> [Assigned task]: Of all the lines in the records below, copy only those that contain the string "object".

> [Record set]:
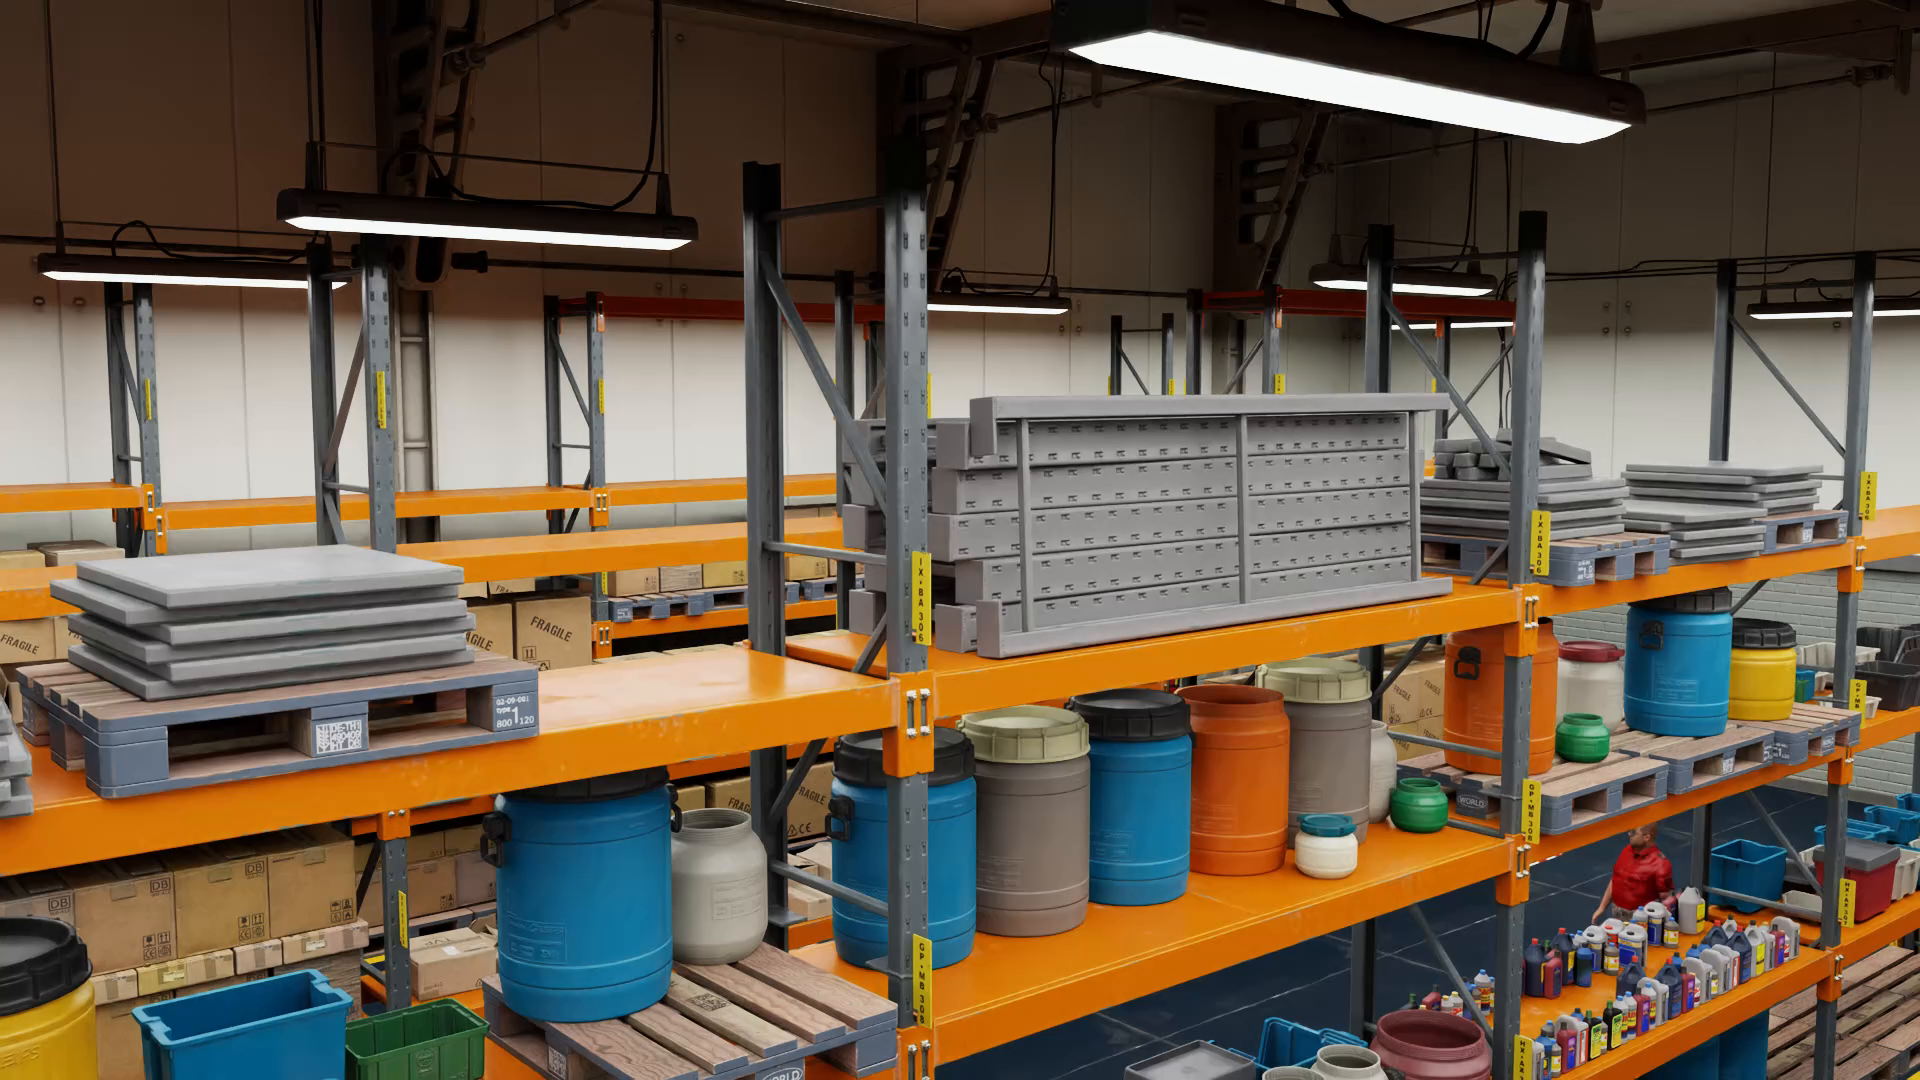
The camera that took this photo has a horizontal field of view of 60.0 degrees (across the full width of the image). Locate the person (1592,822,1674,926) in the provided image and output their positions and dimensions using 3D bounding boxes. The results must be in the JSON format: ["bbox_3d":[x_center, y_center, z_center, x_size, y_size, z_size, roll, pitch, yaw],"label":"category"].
[{"bbox_3d":[5.317,3.035,13.235,1.007,1.665,0.641,-2,6,-23],"label":"person"}]
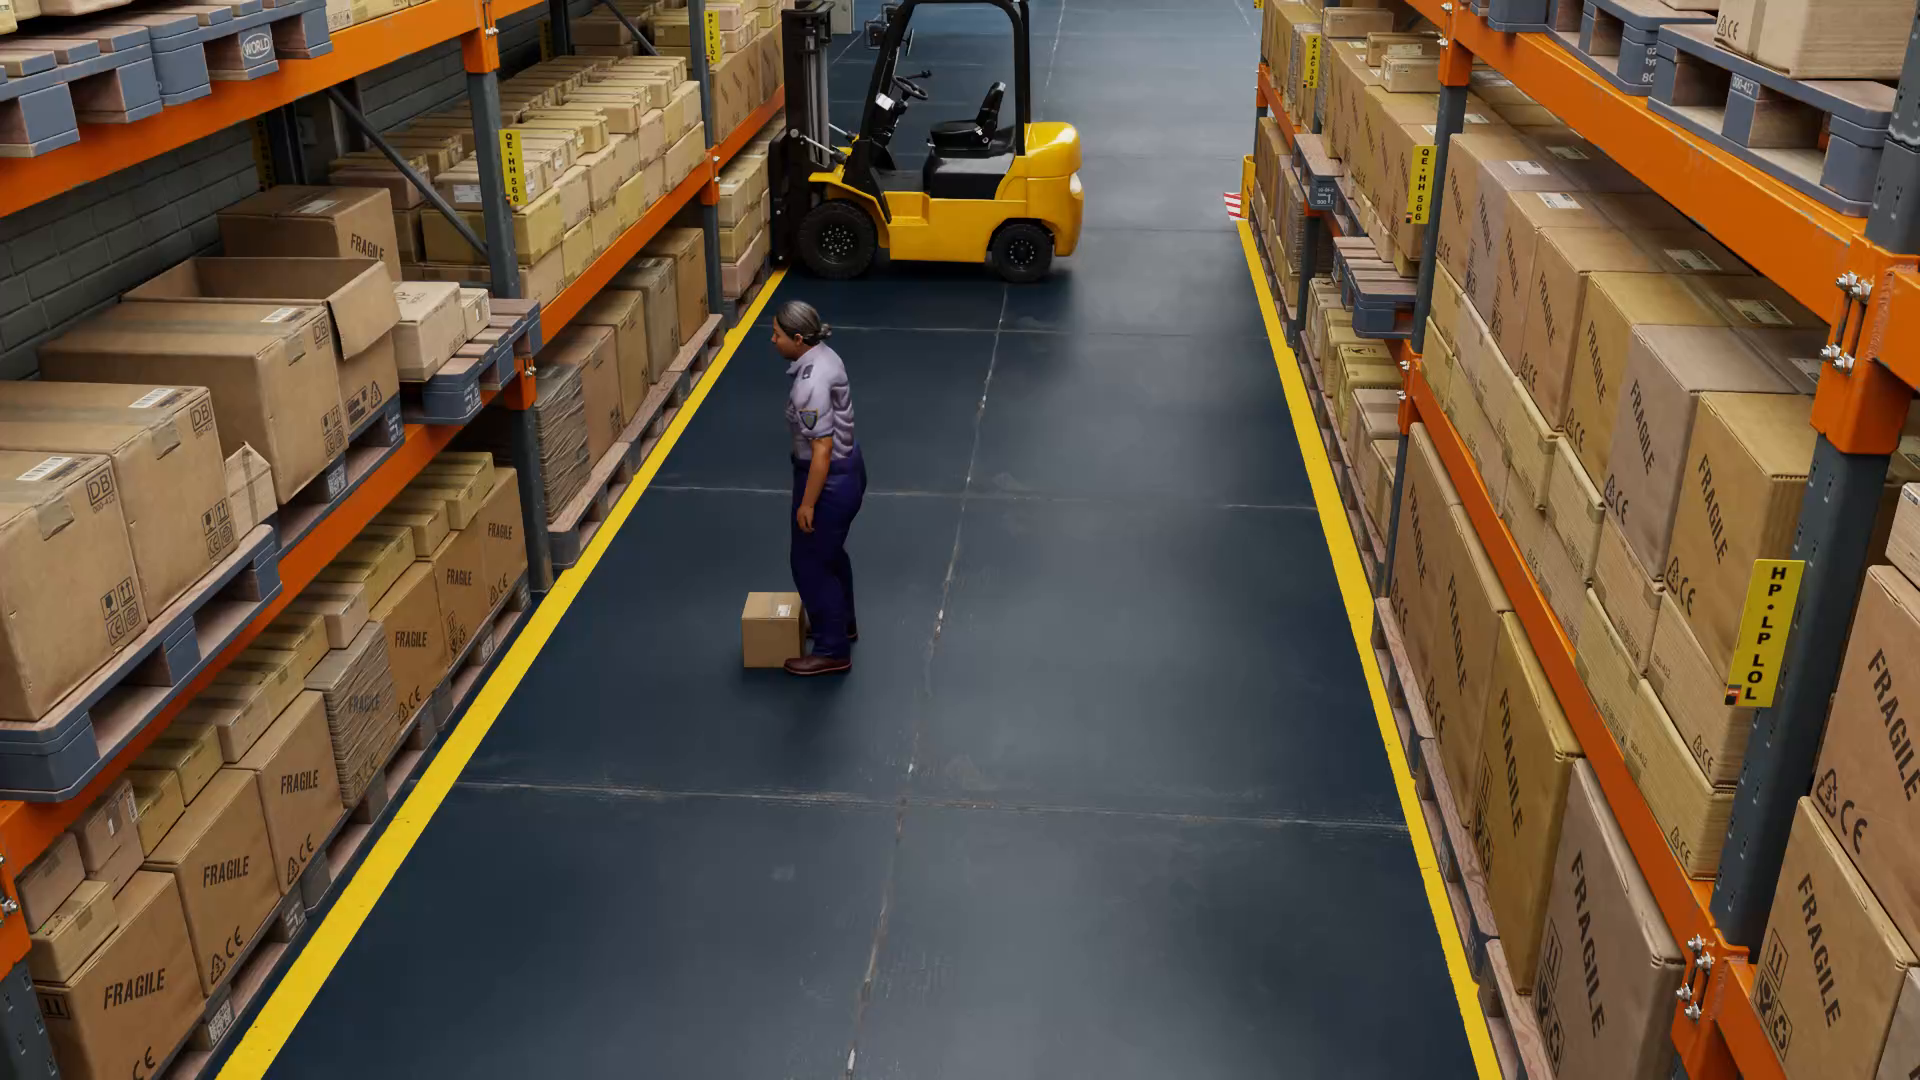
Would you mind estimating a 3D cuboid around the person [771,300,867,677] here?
[{"bbox_3d":[-0.590,-0.233,7.121,0.367,1.651,0.550,1,25,3],"label":"person"}]
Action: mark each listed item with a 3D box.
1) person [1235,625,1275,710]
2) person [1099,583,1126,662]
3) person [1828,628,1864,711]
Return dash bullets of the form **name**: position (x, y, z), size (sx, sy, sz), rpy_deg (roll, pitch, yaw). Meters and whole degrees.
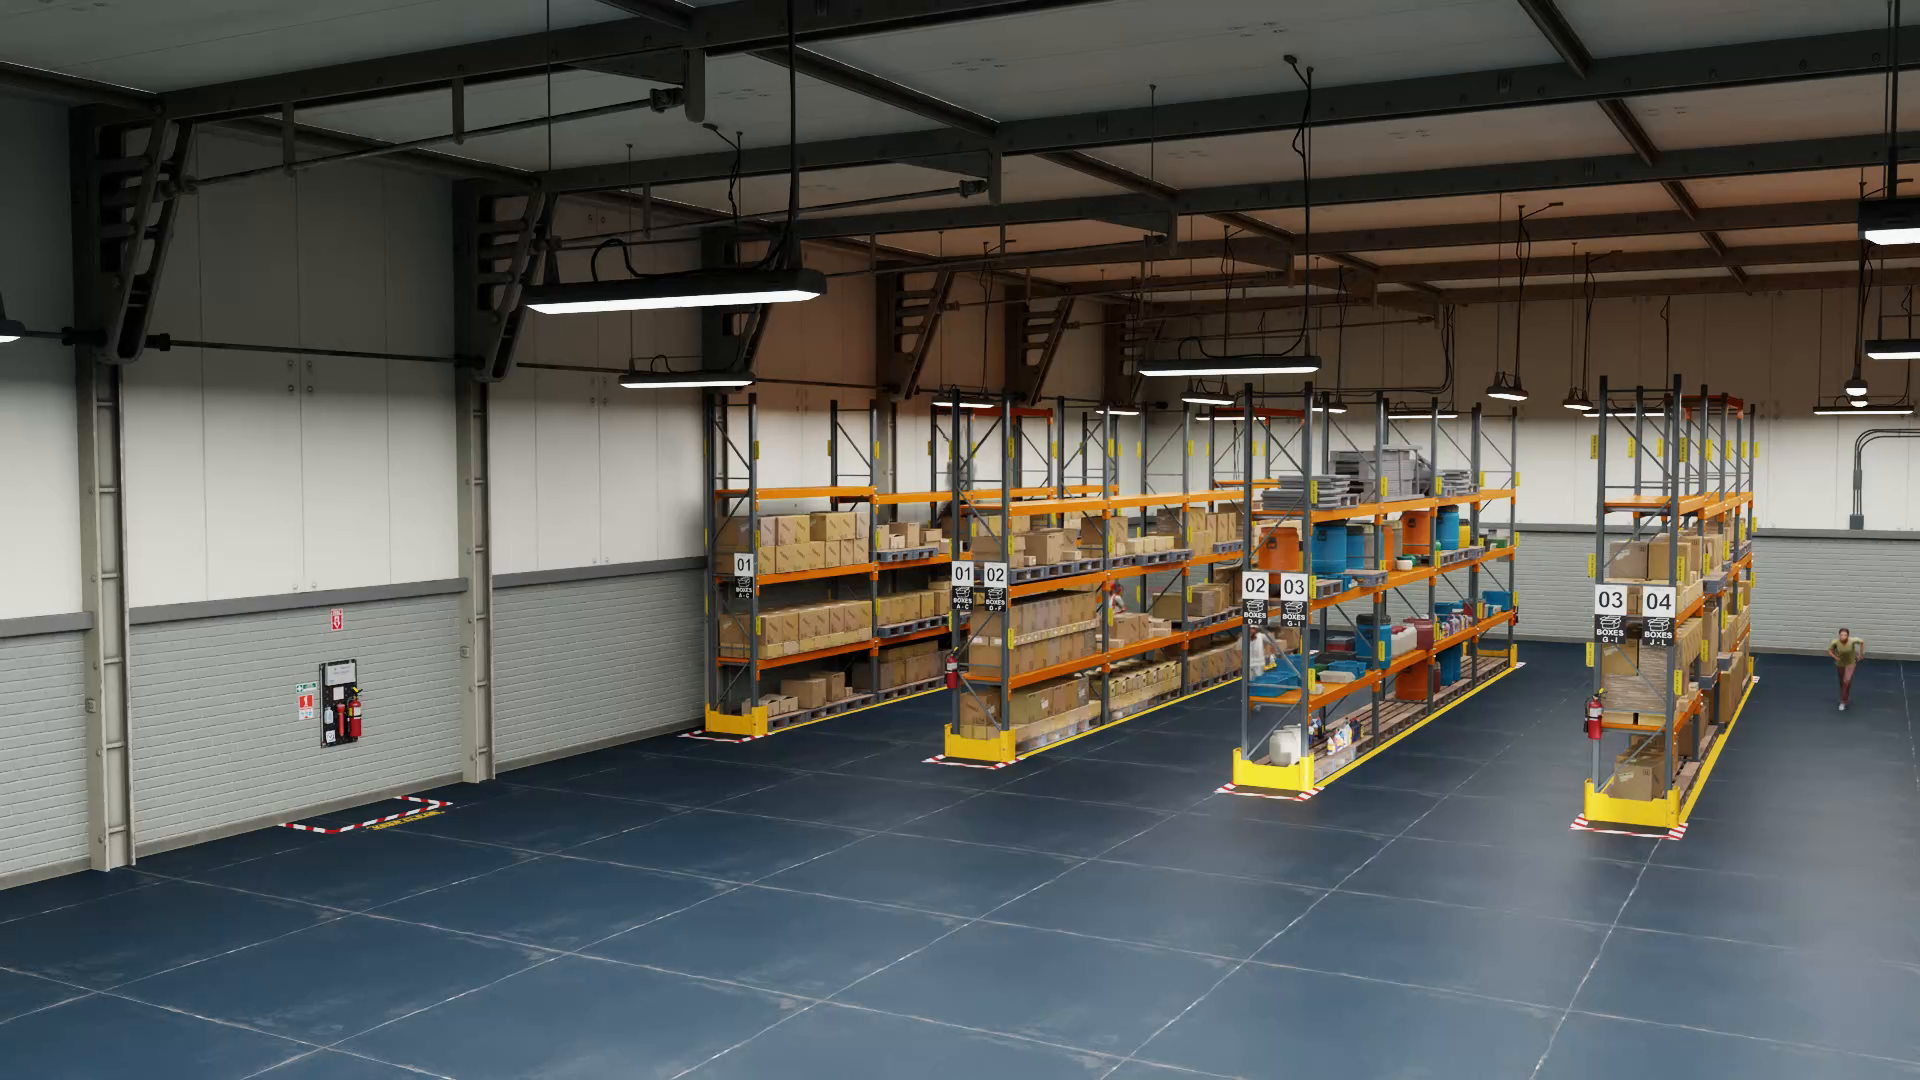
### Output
- **person**: position (5.601, 2.404, 31.649), size (0.726, 1.724, 0.763), rpy_deg (1, 3, 15)
- **person**: position (3.383, 1.836, 37.100), size (0.647, 1.778, 0.734), rpy_deg (2, 4, 34)
- **person**: position (17.216, 2.485, 32.336), size (0.598, 1.626, 0.961), rpy_deg (2, 4, 32)
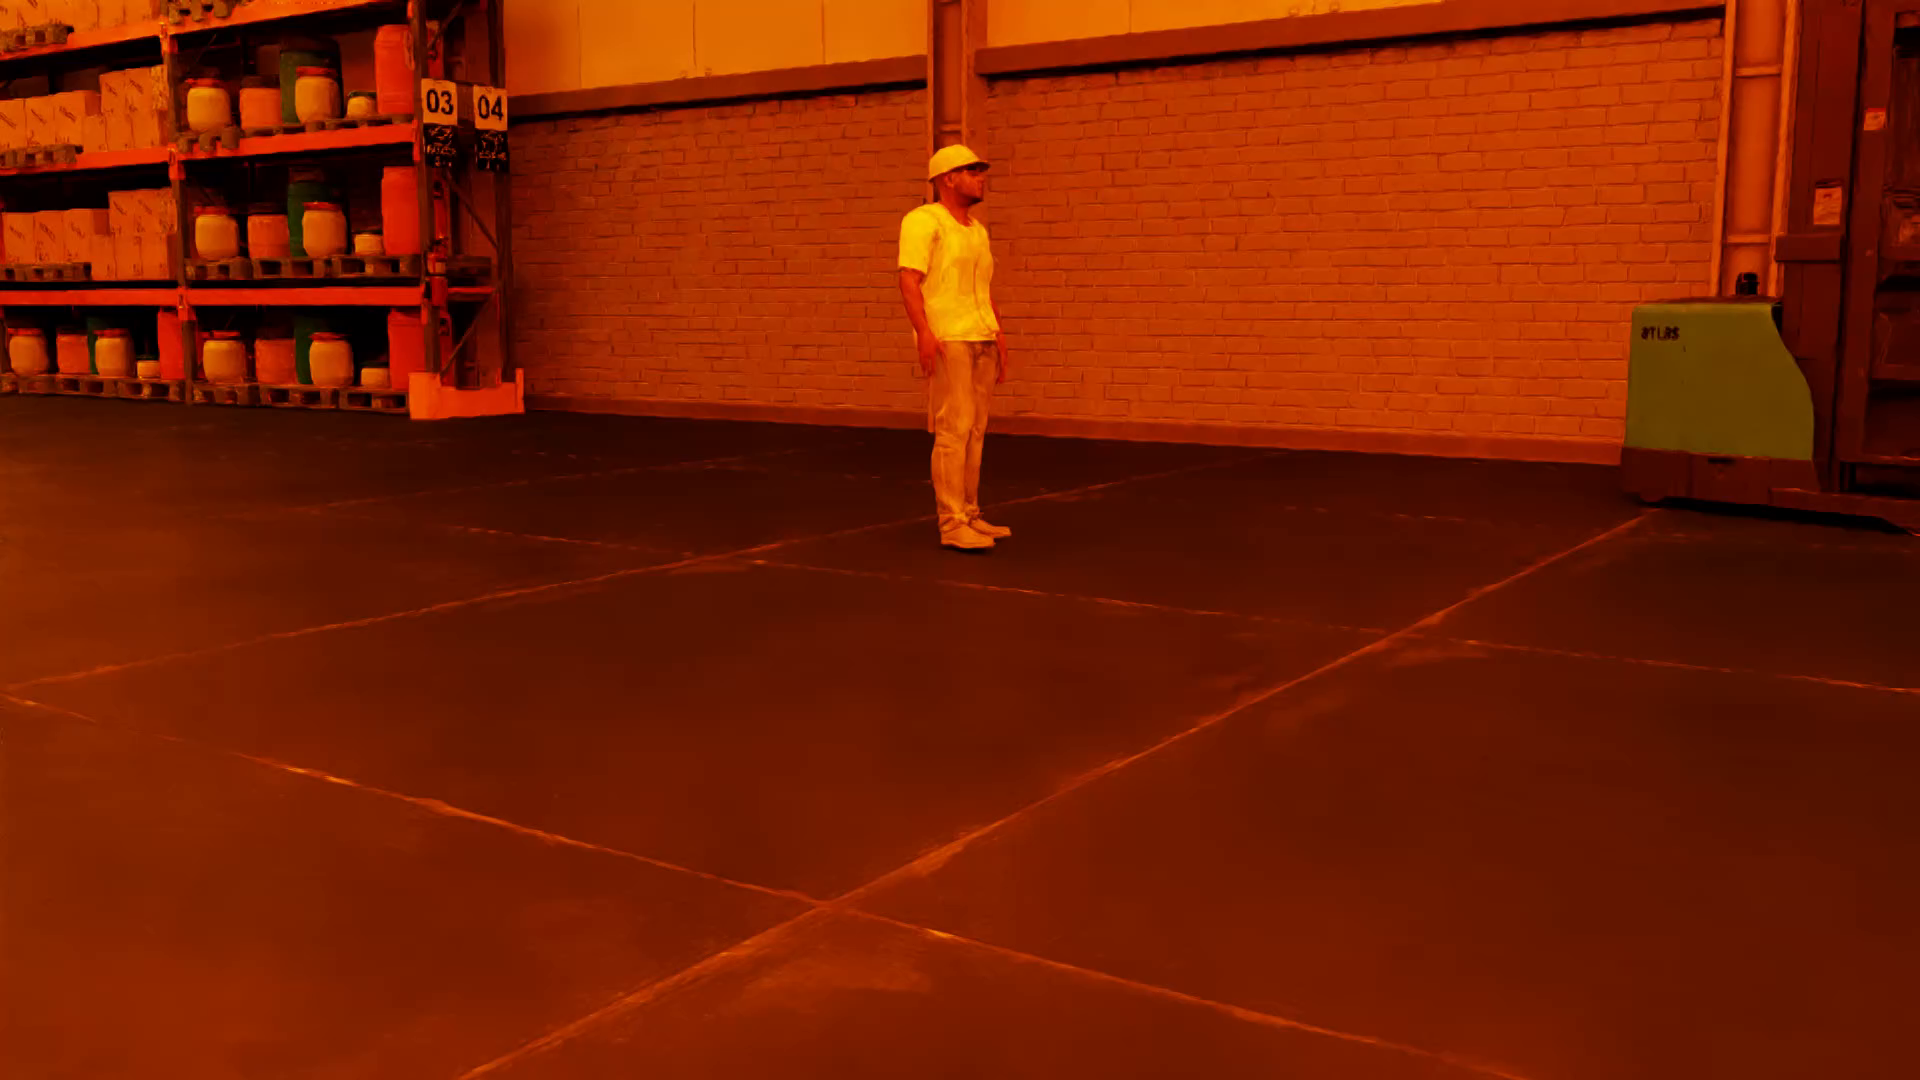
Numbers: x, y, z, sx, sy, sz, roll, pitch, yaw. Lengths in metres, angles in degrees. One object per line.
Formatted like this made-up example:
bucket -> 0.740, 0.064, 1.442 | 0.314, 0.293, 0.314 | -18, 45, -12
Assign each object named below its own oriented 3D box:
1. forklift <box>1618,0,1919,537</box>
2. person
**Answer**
forklift -> 4.832, -1.521, 7.887 | 1.130, 2.935, 3.031 | -6, 10, -36
person -> 0.055, -0.875, 7.435 | 0.576, 1.766, 0.665 | 5, 10, 34

> [Your solution]:
Numbers: x, y, z, sx, sy, sz, roll, pitch, yaw. Lengths in metres, angles in degrees. One object per line.
Assign each object named below its own oriented 3D box:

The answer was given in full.